In this section, to understand what two versions of SiDeNet—avg and max—have learned, two questions have been posed. How well can the original input images be reconstructed from the angles and latent vector x? How is x encoded such that views can be aggregated and that with more views, performance improves? The subsequent analysis has not only demonstrated that the original input views can be reconstructed given the viewpoints and x but has also put forward an explanation for how the views are aggregated: by using the hidden units to encode shape and viewpoint together.

9 Summary

This work has introduced a new architecture SiDeNet for learning about 3D shape, which is tested on a challenging dataset of 3D sculptures with a high variety of shapes and textures. To do this a multi-task loss is used; the network learns to predict the depth for the given views and the silhouette at a new view. This loss has multiple benefits. First, it enforces that the network learns a complex representation of shape, as predicting the silhouette enforces that the network learns about the visual hull of the object and predicting the depth that the network learns about concavities on the object’s surface. Second, using an image-based representation is beneficial, as it does not limit the resolution of the generated model; this benefit is demonstrated on the ShapeNet dataset. The trained network can then be used for various applications, such as new view synthesis and can even be used directly on real images.

Fig. 15
figure 15

Visualisation of the activation of hidden units as a function of \(\theta _i\) for the two architectures. \(\theta _i\) is varied between \(0^{\circ }, 360^{\circ }\) and all other values kept constant. Each hidden unit is normalised to between 0 and 1 over this sequence of \(\theta _i\) and visualised. This figure demonstrates two things: that the activation is a continuous, smooth function of \(\theta _i\) or constant (visualised as white in the figure). Second, it demonstrates that the hidden units activated are based on the input views, as they vary from view to view. This implies that the hidden units encode viewpoint dependent information (e.g. object properties and the associated viewpoint). a The activation for a subset of hidden units for the avg-pooling architecture for two different sets of input images (left and right). b The activation for a subset of hidden units for the max-pooling architecture for two different sets of input images (left and right)

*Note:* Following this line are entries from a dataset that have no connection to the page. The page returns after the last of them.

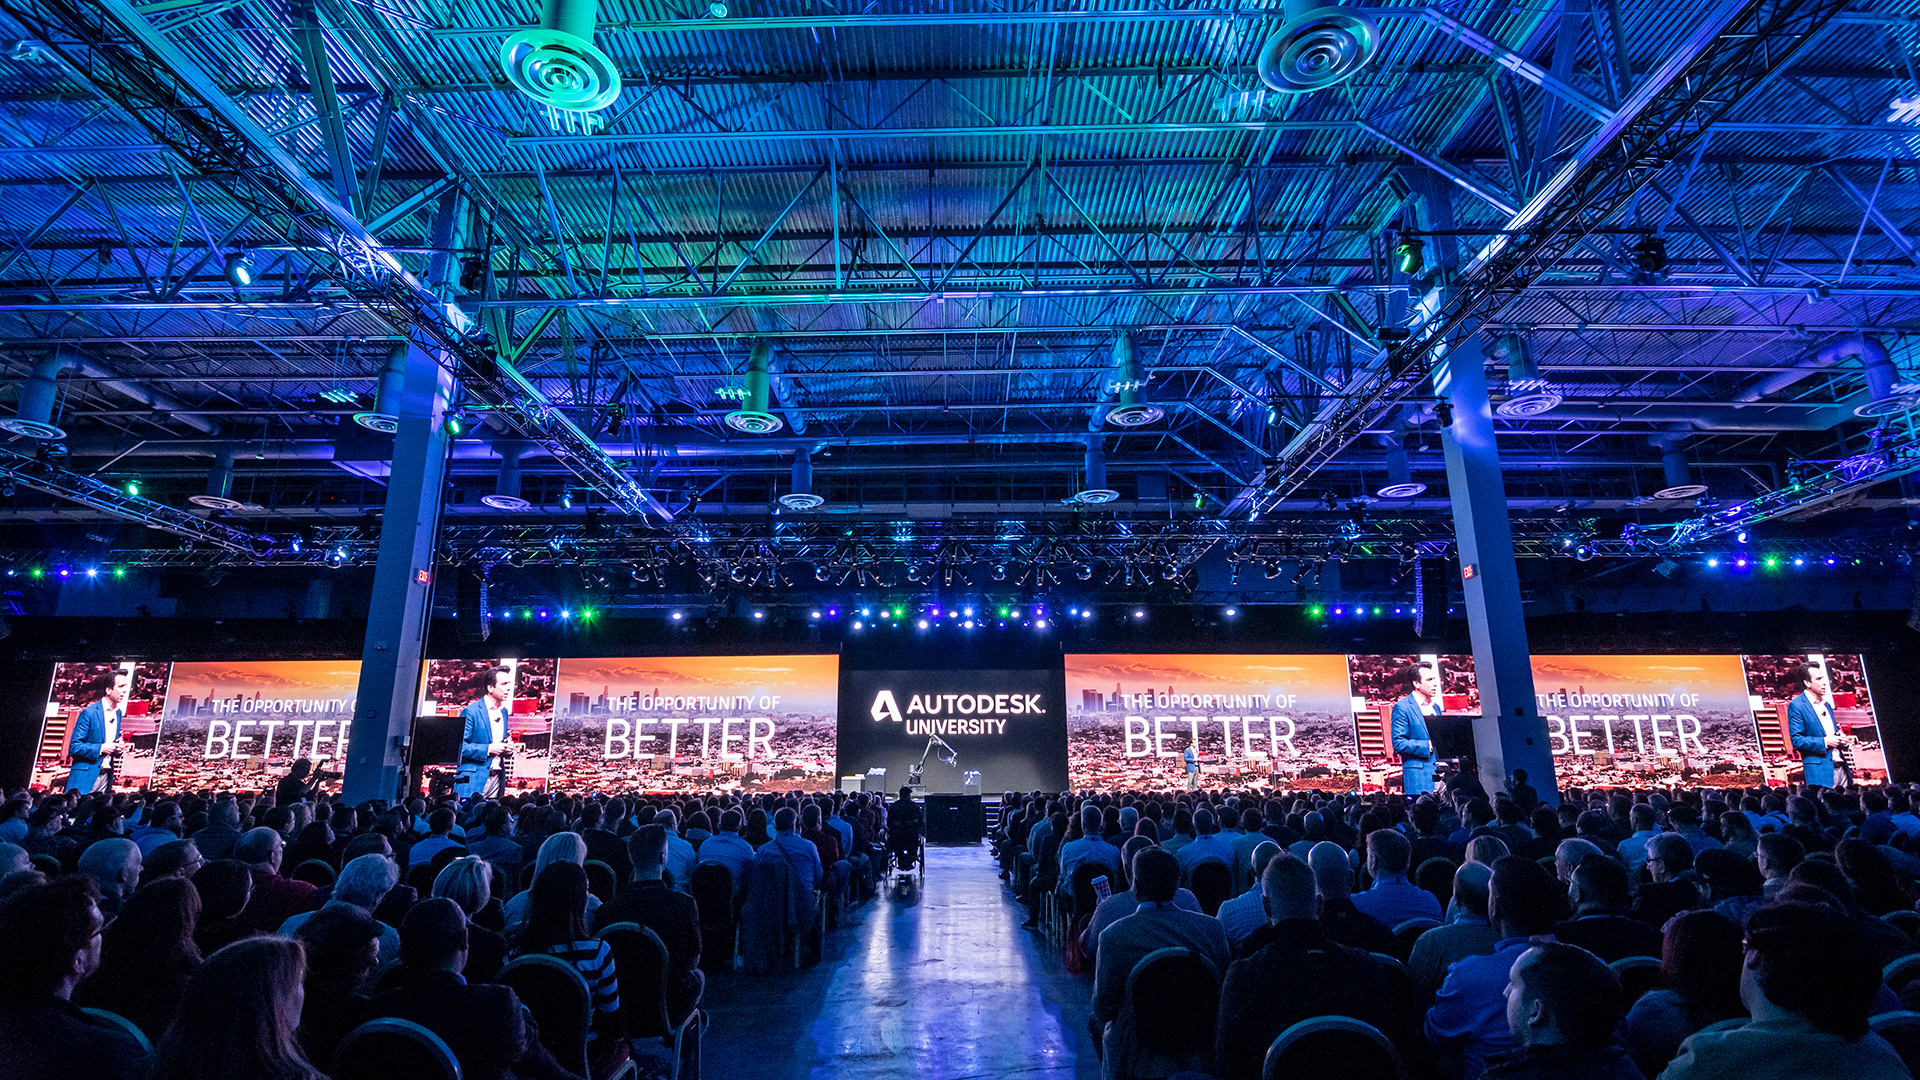Given the setting and the backdrop, what themes or topics do you think might be covered at this event? The event appears to be hosted by Autodesk University, a place where professionals from fields such as architecture, engineering, and entertainment gather. Topics likely covered could include advancements in CAD (computer-aided design) software, innovative construction techniques, sustainable design practices, the future of manufacturing, and the latest in visual effects or animation technologies. Moreover, it could involve practical workshops, hands-on sessions, and keynote speeches from industry leaders, all aimed at fostering knowledge sharing and professional growth. 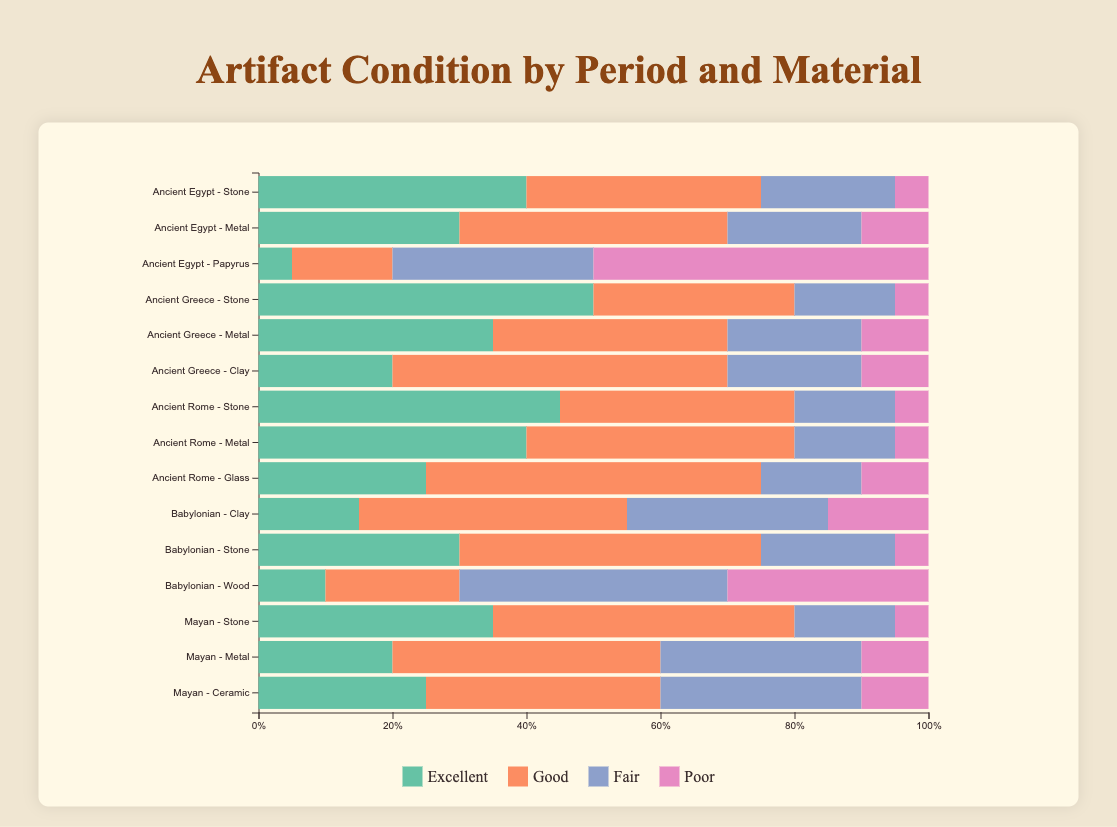Which civilization has the highest percentage of artifacts in excellent condition in the Stone category? To find the answer, locate each Stone row and compare the percentage in excellent condition. Ancient Greece has 50%, Ancient Rome 45%, Babylonian 30%, Ancient Egypt 40%, and Mayan 35%.
Answer: Ancient Greece Which material from the Ancient Egypt period has the highest percentage of artifacts in poor condition? Compare the "Poor" percentage for each material in the Ancient Egypt period. Stone has 5%, Metal 10%, and Papyrus 50%.
Answer: Papyrus Which period has the most balanced distribution of artifact conditions for metal? Compare the percentages of each condition category for metal across each period. Balancing implies relatively equal distribution among the categories. For Ancient Egypt: 30% (Excellent), 40% (Good), 20% (Fair), 10% (Poor). Ancient Greece: 35% (Excellent), 35% (Good), 20% (Fair), 10% (Poor). Ancient Rome: 40% (Excellent), 40% (Good), 15% (Fair), 5% (Poor).
Answer: Ancient Greece Which civilization has the highest total percentage of artifacts in good condition? For each civilization, sum the "Good" percentages across all materials. Ancient Egypt: 35 + 40 + 15 = 90%. Ancient Greece: 30 + 35 + 50 = 115%. Ancient Rome: 35 + 40 + 50 = 125%. Babylonian: 40 + 45 + 20 = 105%. Mayan: 45 + 40 + 35 = 120%.
Answer: Ancient Rome What is the difference in percentage of artifacts in excellent condition between Mayan Stone and Babylonian Stone? Find the "Excellent" percentages for Mayan Stone (35%) and Babylonian Stone (30%), then compute the difference: 35% - 30% = 5%.
Answer: 5% Which material from the Ancient Rome period has the lowest percentage of artifacts in fair condition? Compare the "Fair" percentages for each material in the Ancient Rome period. Stone has 15%, Metal 15%, and Glass 15%. Therefore, all are equal, indicating no single lowest.
Answer: All equal Which has a higher percentage of artifacts in excellent condition, Babylonian Clay or Babylonian Stone? Compare the "Excellent" percentages for Babylonian Clay (15%) and Babylonian Stone (30%).
Answer: Babylonian Stone Among the civilizations displayed, which has the highest percentage of artifacts in poor condition for any single material? Check the "Poor" percentages for each material within each period, and find the maximum value. Ancient Egypt Papyrus has 50%.
Answer: Ancient Egypt Papyrus How does the percentage of artifacts in fair condition for Mayan Metal compare to the percentage in fair condition for Mayan Ceramic? Compare the "Fair" percentages for Mayan Metal (30%) and Mayan Ceramic (30%).
Answer: Equal 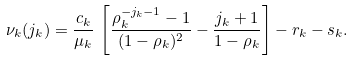<formula> <loc_0><loc_0><loc_500><loc_500>\nu _ { k } ( j _ { k } ) = \frac { c _ { k } } { \mu _ { k } } \, \left [ \frac { \rho _ { k } ^ { - j _ { k } - 1 } - 1 } { ( 1 - \rho _ { k } ) ^ { 2 } } - \frac { j _ { k } + 1 } { 1 - \rho _ { k } } \right ] - r _ { k } - s _ { k } .</formula> 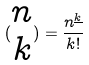Convert formula to latex. <formula><loc_0><loc_0><loc_500><loc_500>( \begin{matrix} n \\ k \end{matrix} ) = \frac { n ^ { \underline { k } } } { k ! }</formula> 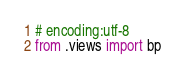Convert code to text. <code><loc_0><loc_0><loc_500><loc_500><_Python_># encoding:utf-8
from .views import bp</code>

The second benefit of the SiDeNet architecture is the view-dependent representation and the ability to generalise over additional views at test-time. Using a view-dependent representation means that no implicit assumptions need to be made about the nature of the 3D objects (e.g. that there exists a canonical orientation). Additionally, SiDeNet can leverage additional views at test time and results (both silhouette and depth) improve with each additional view, even when the views are not photometrically consistent.

While the architecture is able to capture a wide variety of shapes and styles as demonstrated in our results, it is most likely that SiDeNet would improve given more data. However, despite the sculpture dataset being small compared to standard deep learning datasets, it is interesting that SiDeNet can be used to boost performance on a very different synthetic dataset of chairs and predict depth, out-of-the-box, on real sculpture images.